* [Prompt]:
The line containing "e) character of" marks the end, so write out exactly every line from the top of the entries below through that one.

[Records provided — start]

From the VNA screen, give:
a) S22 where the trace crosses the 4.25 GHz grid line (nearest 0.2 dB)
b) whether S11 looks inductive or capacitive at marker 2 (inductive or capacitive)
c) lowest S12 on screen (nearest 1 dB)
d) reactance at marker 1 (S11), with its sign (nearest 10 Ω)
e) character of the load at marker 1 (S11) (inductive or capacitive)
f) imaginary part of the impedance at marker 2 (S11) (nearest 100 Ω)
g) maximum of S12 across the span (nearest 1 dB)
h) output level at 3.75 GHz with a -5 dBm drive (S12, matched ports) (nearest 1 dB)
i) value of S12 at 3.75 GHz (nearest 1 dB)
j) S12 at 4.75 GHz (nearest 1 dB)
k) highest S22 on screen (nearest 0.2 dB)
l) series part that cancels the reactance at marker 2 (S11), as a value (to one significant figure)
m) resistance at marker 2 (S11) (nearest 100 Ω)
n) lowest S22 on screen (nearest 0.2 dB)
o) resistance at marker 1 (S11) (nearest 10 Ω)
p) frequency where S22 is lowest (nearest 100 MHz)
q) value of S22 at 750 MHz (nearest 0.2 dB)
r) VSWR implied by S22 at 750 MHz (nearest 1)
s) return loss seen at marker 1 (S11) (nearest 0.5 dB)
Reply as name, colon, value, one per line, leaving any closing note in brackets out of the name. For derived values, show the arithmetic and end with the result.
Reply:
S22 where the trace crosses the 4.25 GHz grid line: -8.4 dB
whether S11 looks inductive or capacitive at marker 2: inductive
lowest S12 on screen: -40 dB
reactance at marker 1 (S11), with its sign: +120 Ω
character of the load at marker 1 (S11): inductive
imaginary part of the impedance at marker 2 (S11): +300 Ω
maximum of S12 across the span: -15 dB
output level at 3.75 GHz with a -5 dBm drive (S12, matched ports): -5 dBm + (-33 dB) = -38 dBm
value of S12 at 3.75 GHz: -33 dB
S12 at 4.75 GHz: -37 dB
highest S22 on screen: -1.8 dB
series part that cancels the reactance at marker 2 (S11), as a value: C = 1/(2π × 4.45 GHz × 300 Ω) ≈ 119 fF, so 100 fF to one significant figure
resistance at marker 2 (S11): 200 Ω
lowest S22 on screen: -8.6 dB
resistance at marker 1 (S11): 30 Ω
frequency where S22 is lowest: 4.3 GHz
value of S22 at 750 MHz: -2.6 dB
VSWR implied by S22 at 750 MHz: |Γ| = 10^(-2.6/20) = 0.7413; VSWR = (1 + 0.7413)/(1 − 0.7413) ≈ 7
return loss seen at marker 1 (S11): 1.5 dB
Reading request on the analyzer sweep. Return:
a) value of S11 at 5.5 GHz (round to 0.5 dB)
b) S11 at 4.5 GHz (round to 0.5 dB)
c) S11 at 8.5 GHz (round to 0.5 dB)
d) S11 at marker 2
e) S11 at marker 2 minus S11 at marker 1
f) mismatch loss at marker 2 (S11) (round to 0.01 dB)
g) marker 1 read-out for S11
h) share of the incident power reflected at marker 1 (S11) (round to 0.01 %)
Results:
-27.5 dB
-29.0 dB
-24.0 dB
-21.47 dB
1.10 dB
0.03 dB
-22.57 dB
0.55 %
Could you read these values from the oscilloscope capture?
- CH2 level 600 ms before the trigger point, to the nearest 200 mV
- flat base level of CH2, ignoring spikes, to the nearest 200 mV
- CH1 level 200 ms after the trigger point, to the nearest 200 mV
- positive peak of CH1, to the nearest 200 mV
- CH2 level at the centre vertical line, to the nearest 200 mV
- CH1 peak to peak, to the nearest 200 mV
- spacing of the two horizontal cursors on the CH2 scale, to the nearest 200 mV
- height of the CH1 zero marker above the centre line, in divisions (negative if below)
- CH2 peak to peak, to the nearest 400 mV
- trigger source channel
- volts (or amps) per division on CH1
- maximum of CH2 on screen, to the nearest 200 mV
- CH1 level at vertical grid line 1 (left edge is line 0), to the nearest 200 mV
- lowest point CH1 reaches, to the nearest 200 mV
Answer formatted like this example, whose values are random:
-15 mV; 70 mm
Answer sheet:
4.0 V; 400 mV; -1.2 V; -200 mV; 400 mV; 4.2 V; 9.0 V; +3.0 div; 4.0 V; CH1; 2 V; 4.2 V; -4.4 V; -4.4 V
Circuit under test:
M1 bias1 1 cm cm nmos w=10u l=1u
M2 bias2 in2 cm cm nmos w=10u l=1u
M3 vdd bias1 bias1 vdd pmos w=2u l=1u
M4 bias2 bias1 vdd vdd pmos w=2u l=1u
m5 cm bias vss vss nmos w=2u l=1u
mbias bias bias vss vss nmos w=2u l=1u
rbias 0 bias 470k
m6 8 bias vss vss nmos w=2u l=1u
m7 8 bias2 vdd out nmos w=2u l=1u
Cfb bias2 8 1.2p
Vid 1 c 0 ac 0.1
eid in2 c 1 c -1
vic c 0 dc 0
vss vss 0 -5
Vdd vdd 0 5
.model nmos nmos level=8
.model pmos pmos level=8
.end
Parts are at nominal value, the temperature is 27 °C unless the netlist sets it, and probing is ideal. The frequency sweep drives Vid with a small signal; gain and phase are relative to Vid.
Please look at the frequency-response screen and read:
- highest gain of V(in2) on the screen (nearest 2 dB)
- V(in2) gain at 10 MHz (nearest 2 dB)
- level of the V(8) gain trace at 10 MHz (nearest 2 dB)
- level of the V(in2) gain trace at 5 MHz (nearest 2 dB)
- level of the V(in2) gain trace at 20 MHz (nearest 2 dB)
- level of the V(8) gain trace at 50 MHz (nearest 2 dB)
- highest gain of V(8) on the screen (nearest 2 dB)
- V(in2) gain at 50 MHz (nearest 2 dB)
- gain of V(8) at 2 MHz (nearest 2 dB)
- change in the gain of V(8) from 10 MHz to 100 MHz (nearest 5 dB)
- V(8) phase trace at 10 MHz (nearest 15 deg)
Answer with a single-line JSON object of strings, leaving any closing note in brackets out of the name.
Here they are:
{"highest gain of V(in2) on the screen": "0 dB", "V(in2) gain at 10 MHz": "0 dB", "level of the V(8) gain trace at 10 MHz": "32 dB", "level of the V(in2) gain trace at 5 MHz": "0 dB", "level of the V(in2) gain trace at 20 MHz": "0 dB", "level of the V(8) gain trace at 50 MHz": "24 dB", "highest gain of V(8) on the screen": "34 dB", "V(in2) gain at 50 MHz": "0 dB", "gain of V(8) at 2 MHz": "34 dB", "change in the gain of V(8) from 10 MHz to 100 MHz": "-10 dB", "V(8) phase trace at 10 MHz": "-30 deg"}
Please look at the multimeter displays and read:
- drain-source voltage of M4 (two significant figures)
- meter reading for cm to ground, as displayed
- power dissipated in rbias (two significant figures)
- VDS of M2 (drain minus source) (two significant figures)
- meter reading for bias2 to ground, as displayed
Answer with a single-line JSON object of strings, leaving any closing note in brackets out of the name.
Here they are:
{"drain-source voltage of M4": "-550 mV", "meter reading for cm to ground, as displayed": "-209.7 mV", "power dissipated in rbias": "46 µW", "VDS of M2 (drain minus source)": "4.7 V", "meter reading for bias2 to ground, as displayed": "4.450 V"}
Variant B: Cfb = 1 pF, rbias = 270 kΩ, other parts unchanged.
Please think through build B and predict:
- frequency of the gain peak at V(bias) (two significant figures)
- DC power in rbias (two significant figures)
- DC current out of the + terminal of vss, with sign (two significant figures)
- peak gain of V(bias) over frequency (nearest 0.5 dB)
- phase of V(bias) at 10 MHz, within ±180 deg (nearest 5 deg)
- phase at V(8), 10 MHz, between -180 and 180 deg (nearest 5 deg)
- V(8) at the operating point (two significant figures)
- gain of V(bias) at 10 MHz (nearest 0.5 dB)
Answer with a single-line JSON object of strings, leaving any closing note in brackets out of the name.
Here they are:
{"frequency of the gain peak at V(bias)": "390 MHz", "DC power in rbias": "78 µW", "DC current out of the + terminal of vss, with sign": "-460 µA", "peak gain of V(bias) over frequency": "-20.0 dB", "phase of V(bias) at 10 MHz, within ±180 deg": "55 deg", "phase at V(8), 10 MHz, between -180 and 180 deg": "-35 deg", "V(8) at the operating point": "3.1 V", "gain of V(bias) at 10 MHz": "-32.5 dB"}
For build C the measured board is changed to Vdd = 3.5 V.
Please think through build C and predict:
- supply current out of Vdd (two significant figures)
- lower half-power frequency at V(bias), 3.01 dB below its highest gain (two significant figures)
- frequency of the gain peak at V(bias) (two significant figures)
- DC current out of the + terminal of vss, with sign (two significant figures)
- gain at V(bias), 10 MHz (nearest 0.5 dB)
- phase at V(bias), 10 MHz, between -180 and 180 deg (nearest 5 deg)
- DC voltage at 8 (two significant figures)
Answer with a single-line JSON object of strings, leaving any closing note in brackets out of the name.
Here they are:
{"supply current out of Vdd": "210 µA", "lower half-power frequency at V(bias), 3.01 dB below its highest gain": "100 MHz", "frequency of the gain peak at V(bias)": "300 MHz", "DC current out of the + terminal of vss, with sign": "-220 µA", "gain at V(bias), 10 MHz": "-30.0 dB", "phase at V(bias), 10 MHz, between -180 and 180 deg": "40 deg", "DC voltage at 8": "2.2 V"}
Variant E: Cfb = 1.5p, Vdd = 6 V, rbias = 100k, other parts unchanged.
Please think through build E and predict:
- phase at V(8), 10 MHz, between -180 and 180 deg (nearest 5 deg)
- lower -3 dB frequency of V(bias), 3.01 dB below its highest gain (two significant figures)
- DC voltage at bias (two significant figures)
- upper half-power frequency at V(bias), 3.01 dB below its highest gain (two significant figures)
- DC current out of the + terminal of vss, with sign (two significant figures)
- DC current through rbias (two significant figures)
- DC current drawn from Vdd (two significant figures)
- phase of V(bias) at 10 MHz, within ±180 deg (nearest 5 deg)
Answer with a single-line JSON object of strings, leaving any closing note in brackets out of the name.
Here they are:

[Records provided — finish]

* [Answer section]:
From the VNA screen, give:
a) S22 where the trace crosses the 4.25 GHz grid line (nearest 0.2 dB)
b) whether S11 looks inductive or capacitive at marker 2 (inductive or capacitive)
c) lowest S12 on screen (nearest 1 dB)
d) reactance at marker 1 (S11), with its sign (nearest 10 Ω)
e) character of the load at marker 1 (S11) (inductive or capacitive)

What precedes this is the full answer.